• **What is being asked**: For this exercise, repeat every line of the material exactly.

• **Records shown**:
⟨

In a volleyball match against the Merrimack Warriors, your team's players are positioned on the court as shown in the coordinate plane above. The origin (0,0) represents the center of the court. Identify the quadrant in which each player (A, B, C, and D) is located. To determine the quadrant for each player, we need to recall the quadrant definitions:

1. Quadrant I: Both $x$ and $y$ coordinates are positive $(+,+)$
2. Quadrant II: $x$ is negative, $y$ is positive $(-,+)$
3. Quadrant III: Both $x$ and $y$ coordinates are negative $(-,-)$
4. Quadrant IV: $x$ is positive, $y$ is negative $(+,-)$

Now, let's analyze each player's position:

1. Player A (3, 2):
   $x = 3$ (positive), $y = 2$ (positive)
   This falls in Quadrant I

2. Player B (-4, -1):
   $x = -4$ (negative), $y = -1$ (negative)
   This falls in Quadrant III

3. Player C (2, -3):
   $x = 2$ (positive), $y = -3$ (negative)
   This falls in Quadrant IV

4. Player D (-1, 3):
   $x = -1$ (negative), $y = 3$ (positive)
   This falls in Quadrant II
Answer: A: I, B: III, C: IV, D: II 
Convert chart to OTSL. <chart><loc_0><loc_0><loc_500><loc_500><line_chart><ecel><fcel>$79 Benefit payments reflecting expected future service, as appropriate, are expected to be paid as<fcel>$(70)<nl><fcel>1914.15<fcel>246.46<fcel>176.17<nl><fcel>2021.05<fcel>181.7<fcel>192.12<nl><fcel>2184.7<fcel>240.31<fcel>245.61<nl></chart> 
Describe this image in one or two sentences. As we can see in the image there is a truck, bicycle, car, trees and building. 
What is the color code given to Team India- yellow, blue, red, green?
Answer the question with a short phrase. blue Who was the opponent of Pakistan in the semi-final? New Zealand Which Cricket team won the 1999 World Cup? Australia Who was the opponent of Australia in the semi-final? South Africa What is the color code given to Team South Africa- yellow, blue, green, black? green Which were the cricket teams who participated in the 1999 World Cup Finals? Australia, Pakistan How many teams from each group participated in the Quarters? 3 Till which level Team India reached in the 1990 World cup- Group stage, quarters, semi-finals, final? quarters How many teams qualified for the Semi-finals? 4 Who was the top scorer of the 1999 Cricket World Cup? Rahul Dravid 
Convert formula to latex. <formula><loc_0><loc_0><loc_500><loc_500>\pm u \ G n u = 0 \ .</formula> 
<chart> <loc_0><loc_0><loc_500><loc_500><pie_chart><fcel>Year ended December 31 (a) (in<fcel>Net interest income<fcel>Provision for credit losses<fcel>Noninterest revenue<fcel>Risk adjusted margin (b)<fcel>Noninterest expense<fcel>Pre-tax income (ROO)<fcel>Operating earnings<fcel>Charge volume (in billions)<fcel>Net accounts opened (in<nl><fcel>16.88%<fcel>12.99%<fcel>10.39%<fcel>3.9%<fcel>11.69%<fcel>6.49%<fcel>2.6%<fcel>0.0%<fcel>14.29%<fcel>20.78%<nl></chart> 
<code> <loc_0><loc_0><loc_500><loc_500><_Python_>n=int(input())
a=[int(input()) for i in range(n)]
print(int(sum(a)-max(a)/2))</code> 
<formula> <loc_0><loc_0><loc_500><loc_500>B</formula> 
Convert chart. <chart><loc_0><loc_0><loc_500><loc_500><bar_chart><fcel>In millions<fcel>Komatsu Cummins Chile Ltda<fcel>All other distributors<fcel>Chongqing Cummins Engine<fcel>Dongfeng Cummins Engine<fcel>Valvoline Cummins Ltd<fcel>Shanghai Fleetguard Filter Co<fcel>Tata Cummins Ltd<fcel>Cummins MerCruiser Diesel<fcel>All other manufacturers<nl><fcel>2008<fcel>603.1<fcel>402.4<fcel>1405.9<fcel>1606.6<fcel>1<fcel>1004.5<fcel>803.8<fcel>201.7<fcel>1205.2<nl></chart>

⟩

• **Answer box**:
In a volleyball match against the Merrimack Warriors, your team's players are positioned on the court as shown in the coordinate plane above. The origin (0,0) represents the center of the court. Identify the quadrant in which each player (A, B, C, and D) is located. To determine the quadrant for each player, we need to recall the quadrant definitions:

1. Quadrant I: Both $x$ and $y$ coordinates are positive $(+,+)$
2. Quadrant II: $x$ is negative, $y$ is positive $(-,+)$
3. Quadrant III: Both $x$ and $y$ coordinates are negative $(-,-)$
4. Quadrant IV: $x$ is positive, $y$ is negative $(+,-)$

Now, let's analyze each player's position:

1. Player A (3, 2):
   $x = 3$ (positive), $y = 2$ (positive)
   This falls in Quadrant I

2. Player B (-4, -1):
   $x = -4$ (negative), $y = -1$ (negative)
   This falls in Quadrant III

3. Player C (2, -3):
   $x = 2$ (positive), $y = -3$ (negative)
   This falls in Quadrant IV

4. Player D (-1, 3):
   $x = -1$ (negative), $y = 3$ (positive)
   This falls in Quadrant II
Answer: A: I, B: III, C: IV, D: II 
Convert chart to OTSL. <chart><loc_0><loc_0><loc_500><loc_500><line_chart><ecel><fcel>$79 Benefit payments reflecting expected future service, as appropriate, are expected to be paid as<fcel>$(70)<nl><fcel>1914.15<fcel>246.46<fcel>176.17<nl><fcel>2021.05<fcel>181.7<fcel>192.12<nl><fcel>2184.7<fcel>240.31<fcel>245.61<nl></chart> 
Describe this image in one or two sentences. As we can see in the image there is a truck, bicycle, car, trees and building. 
What is the color code given to Team India- yellow, blue, red, green?
Answer the question with a short phrase. blue Who was the opponent of Pakistan in the semi-final? New Zealand Which Cricket team won the 1999 World Cup? Australia Who was the opponent of Australia in the semi-final? South Africa What is the color code given to Team South Africa- yellow, blue, green, black? green Which were the cricket teams who participated in the 1999 World Cup Finals? Australia, Pakistan How many teams from each group participated in the Quarters? 3 Till which level Team India reached in the 1990 World cup- Group stage, quarters, semi-finals, final? quarters How many teams qualified for the Semi-finals? 4 Who was the top scorer of the 1999 Cricket World Cup? Rahul Dravid 
Convert formula to latex. <formula><loc_0><loc_0><loc_500><loc_500>\pm u \ G n u = 0 \ .</formula> 
<chart> <loc_0><loc_0><loc_500><loc_500><pie_chart><fcel>Year ended December 31 (a) (in<fcel>Net interest income<fcel>Provision for credit losses<fcel>Noninterest revenue<fcel>Risk adjusted margin (b)<fcel>Noninterest expense<fcel>Pre-tax income (ROO)<fcel>Operating earnings<fcel>Charge volume (in billions)<fcel>Net accounts opened (in<nl><fcel>16.88%<fcel>12.99%<fcel>10.39%<fcel>3.9%<fcel>11.69%<fcel>6.49%<fcel>2.6%<fcel>0.0%<fcel>14.29%<fcel>20.78%<nl></chart> 
<code> <loc_0><loc_0><loc_500><loc_500><_Python_>n=int(input())
a=[int(input()) for i in range(n)]
print(int(sum(a)-max(a)/2))</code> 
<formula> <loc_0><loc_0><loc_500><loc_500>B</formula> 
Convert chart. <chart><loc_0><loc_0><loc_500><loc_500><bar_chart><fcel>In millions<fcel>Komatsu Cummins Chile Ltda<fcel>All other distributors<fcel>Chongqing Cummins Engine<fcel>Dongfeng Cummins Engine<fcel>Valvoline Cummins Ltd<fcel>Shanghai Fleetguard Filter Co<fcel>Tata Cummins Ltd<fcel>Cummins MerCruiser Diesel<fcel>All other manufacturers<nl><fcel>2008<fcel>603.1<fcel>402.4<fcel>1405.9<fcel>1606.6<fcel>1<fcel>1004.5<fcel>803.8<fcel>201.7<fcel>1205.2<nl></chart>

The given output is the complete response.